Caradoc wanted to cry out in pity. He put a hand on Llyn’s cold cheek. “Don’t think about it now,” he said. “I shall not call on you to fight with the chiefs for a long time yet. Be at peace.” Llyn nodded faintly and walked unsteadily to where Cinnamus and Caelte stood, still dumbfounded, and Caradoc mounted the gray. He looked down on the lifeless thatch of bloodied, black hair. He looked ahead at his son’s straight back. Suddenly a wave of acrid bile filled his mouth and he spat, a dark stream of revulsion. Then he kicked at the horse and followed his men.

Eurgain had returned and was waiting on the bank of the river, motionless in the folding blue cloak. She saw them come splashing slowly across the ford, three weary men and a scrap of a boy, and she walked toward them, her hands clenched into hidden fists under the cloak. Llyn slid from the horse and she bent and kissed him, seeing the bloody fingers, the caked tunic. “I am glad you are safe, my son,” she said evenly. “Now go to the Council hut and eat. Then Tallia can find you clean clothes.” He nodded faintly and left them and she turned to Caradoc, her eyes widening at the sight of the huge charger and the head dripping with water. “Was there trouble?” she asked, and Caradoc dismounted. The stable slaves ran to them and he relinquished the reins, while Cinnamus untied the head and laid it on the ground. Caradoc shook his head.

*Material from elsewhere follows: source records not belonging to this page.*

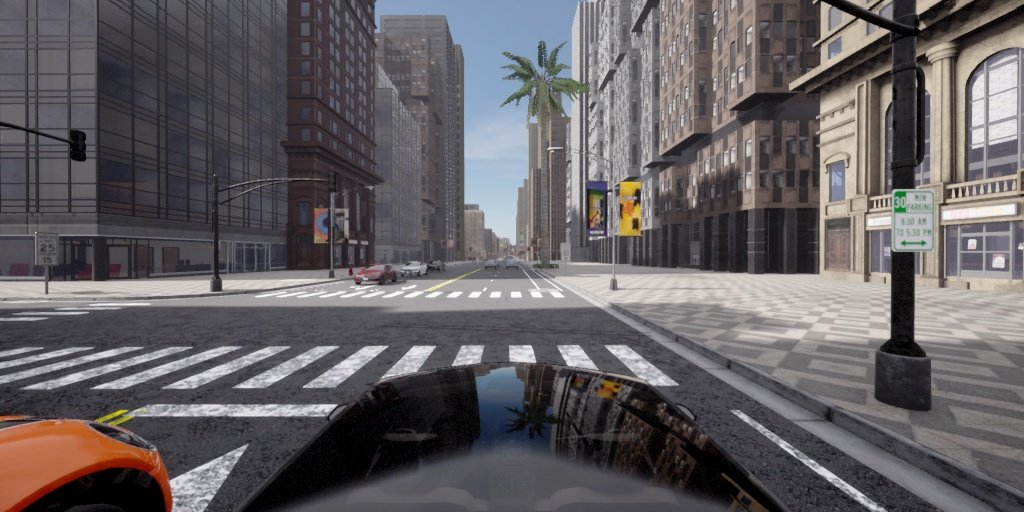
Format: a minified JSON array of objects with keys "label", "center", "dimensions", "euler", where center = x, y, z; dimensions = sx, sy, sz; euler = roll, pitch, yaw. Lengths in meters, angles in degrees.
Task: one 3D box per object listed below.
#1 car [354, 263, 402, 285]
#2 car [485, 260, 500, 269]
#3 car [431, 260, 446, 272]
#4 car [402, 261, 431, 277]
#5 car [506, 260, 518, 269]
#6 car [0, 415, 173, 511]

“Not for me,” he said shortly. “This head is Llyn’s. I will tell you later, Eurgain, but now I need fire and food.” He brushed past her, leaving her looking down on the trophy, her heart pounding painfully in her chest.

In Council that night Madoc roared with laughter when he heard of Llyn’s escapade. Caradoc was now so firmly in the Silurians’ favor that they agreed not to insist on Llyn’s initiation. They all sat in the warm, firelit hut while music floated with the sweet woodsmoke and the beer was passed from hand to hand. The head, now washed and tidied, was brought to Llyn, but he put his hands behind his back and flushed, the lamplight lying golden on the torc about his throat.

“Actually,” he said, “I don’t want it.”

“But it is your right!” Madoc said, pushing it forward. “It is the proof of your manhood. Better than cattle, eh Llyn?”

“I would rather be a child again, and have Fearachar beside me,” he insisted. “You can have it, Lord, if you want it. Put it up beside the others.”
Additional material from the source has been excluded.